Here, we introduce some more advanced functionalities of trianglechain
import numpy as np
from trianglechain import TriangleChain
from trianglechain.params import add_derived, ensure_rec
from cosmic_toolbox.colors import set_cycle
set_cycle()
def get_samples(n_samples=100000, n_dims=3, names=None):
covmat = np.random.normal(size=(n_dims, n_dims))
covmat = np.dot(covmat.T, covmat)
mean = np.random.uniform(size=(n_dims))
samples = np.random.multivariate_normal(mean=mean, cov=covmat, size=(n_samples))
samples = ensure_rec(samples, names)
return samples
sample1 = get_samples(names=["a", "b", "c"])

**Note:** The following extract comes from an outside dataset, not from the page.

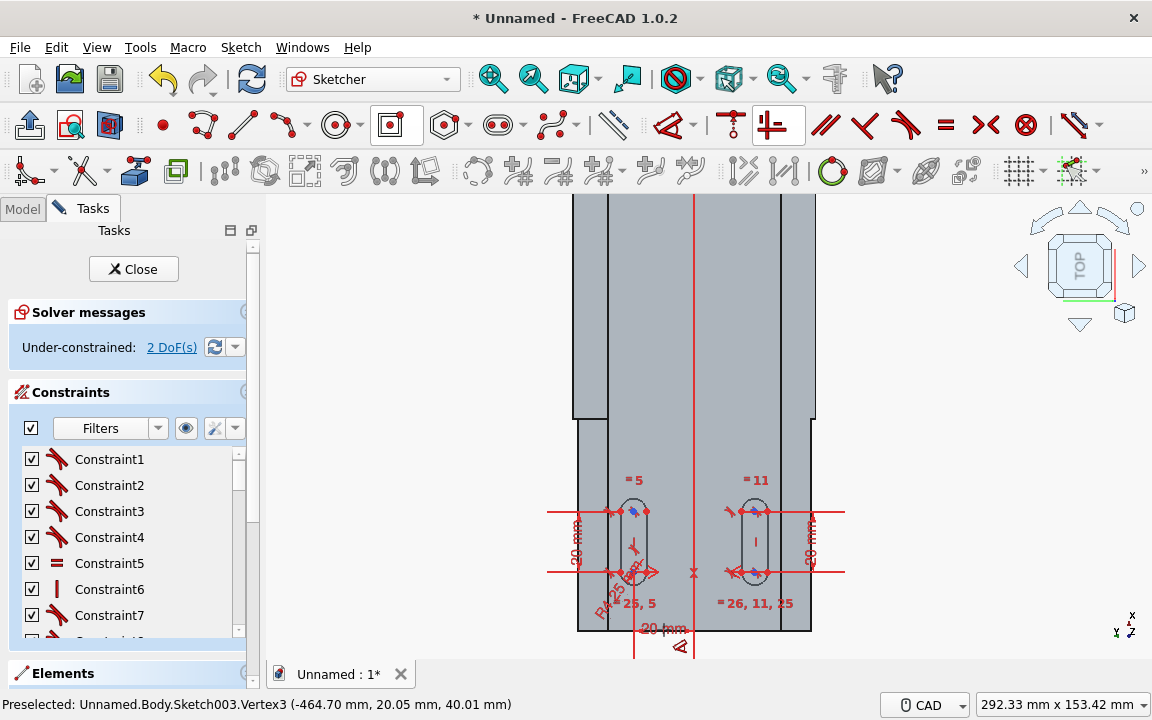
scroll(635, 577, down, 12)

sample2 = get_samples(names=["a", "b", "c"])
sample3 = get_samples(n_dims=4, names=["a", "b", "c", "d"])
sample4 = get_samples(names=["a", "b", "d"])
First, we show some additional plotting functionalities:
– filling the contours with fill=True
– plotting a grid with grid=True
– using the upper triangle for one of the plots with tri=upper
– grouping the parameters a & b with grouping_kwargs
– n_per_group
specifies how to group the parameters
– empty_ratio
determines the space between groups
– number of ticks can be varied with n_ticks
grouping_kwargs = {"n_per_group": (2, 1), "empty_ratio": 0.1}
tri = TriangleChain(fill=True, grid=True, grouping_kwargs=grouping_kwargs, n_ticks=6)
tri.contour_cl(sample1)
tri.contour_cl(sample2, tri="upper");
Next, we show how to change limits, ticks and labels
– limits of the plot can be changed with ranges
– ticks can be specified with ticks
– tick length can be tuned by tick_length
– 1D histograms can be turned off with plot_histograms_1D=False
– labels for the plot can be specified with labels
ranges = {"a": [-1, 1]}
ticks = {"b": [-6, -4, 0, 4, 6]}
tri = TriangleChain(
ranges=ranges,
ticks=ticks,
tick_length=15,
labels=[r"$n_s$", r"$\sigma_8$", r"$\alpha + \beta$"],
)
tri.contour_cl(sample1, plot_histograms_1D=False);
# tri.contour_cl(sample2, color=color, tri="upper");
From the samples, you can directly compute the bestfit and lower and upper bounds.
– show_values=True
plots the bestfit and uncertainty band for the last plotted sample
– best_fit_method
specifies the way the bestfit is computed (options: mode, mean, median, best_sample (requires lnprobs))
– levels_method
specifies the way the uncertainty is computed (options: hdi, percentile, PJ*HPD (requires lnprobs))
– credible_interval
specifies the credible interval for the uncertainty
samples = np.load("chain.npy")
lnprobs = np.load("lnprobs.npy")
samples_c = add_derived(
samples,
new_param="sigma8",
derived=samples["S8"] * np.sqrt(0.3 / samples["omega_m"]),
)
labels = [r"$\Omega_m$", r"$\sigma_8$", r"$h$"]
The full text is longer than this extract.